Are you interested in learning more about Katie, what it’s like to be a regional recruitment manager, and, in light of Asian American Pacific Islander Heritage Month, Katie’s perspective as a 2Ute of Asian-Pacific Islander (API) descent? Read on for a day in the life of Katie Fung.
Why did you join Trilogy, a 2U, Inc. brand? What is it about the company that sparked your interest?
Joining Trilogy was kismet. I initially joined as a part-time sourcer for instructors and the very first week I started working on outreach, I received a message back from a candidate. They thanked me for providing them access to an open door and said that this was just the opportunity they were looking for to make a positive impact. I was hooked and knew that this was how I could help others.
Even as a part-time employee, I always felt welcomed as a full team contributor. My managers reached out to check on how I was doing, they supported my growth, and some of my previous leaders are still my go-to for advice or just to chat. They created an atmosphere of acceptance and once there was an opportunity to join the team full-time, it was a no-brainer that this was a place where I could grow and flourish.
How would you describe your role as a regional recruitment manager?
As the regional recruitment manager for the Northwest, my role is to ensure that we provide exemplary instructional support to our boot camps in the Northwest region. I am also a brand ambassador.
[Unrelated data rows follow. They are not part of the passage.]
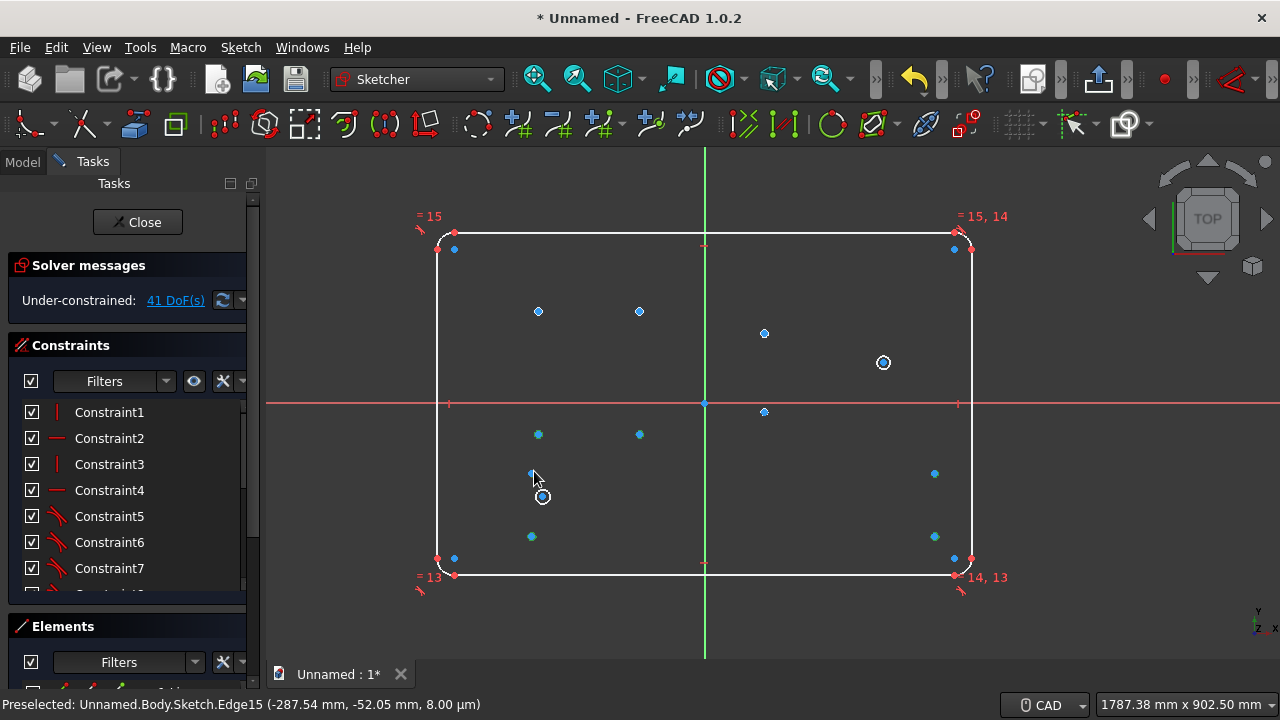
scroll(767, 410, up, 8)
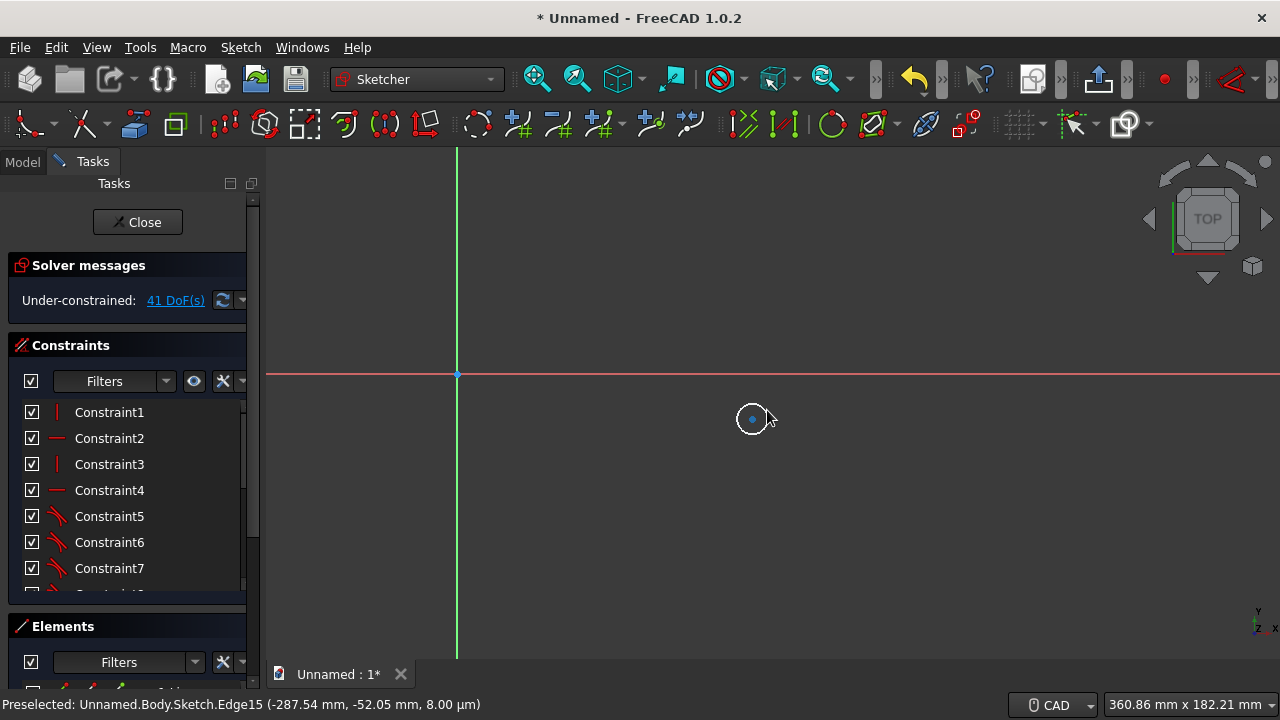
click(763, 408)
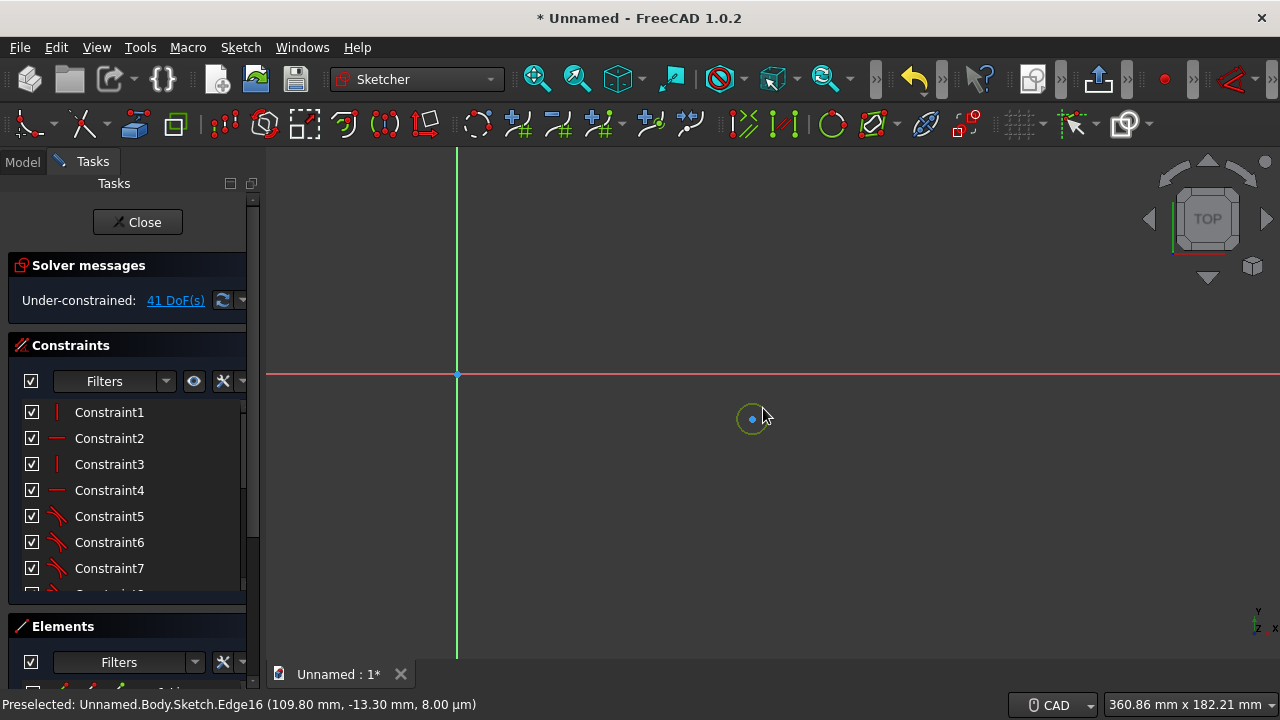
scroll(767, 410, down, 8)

Initial outreach from recruitment may be the first time that an instructional staff candidate has heard of our company. I work with my team and our cross-functional partners to ensure that we give 2U an outstanding reputation by bringing on the best instructors to support students. This year to date, my team has had to fill more than 150 instructional roles. We have impacted the lives of more than 150 instructional staff who, in turn, have impacted approximately 1,500 students.
Katie Fung's team on a Zoom call
What do you find most rewarding and challenging about your job?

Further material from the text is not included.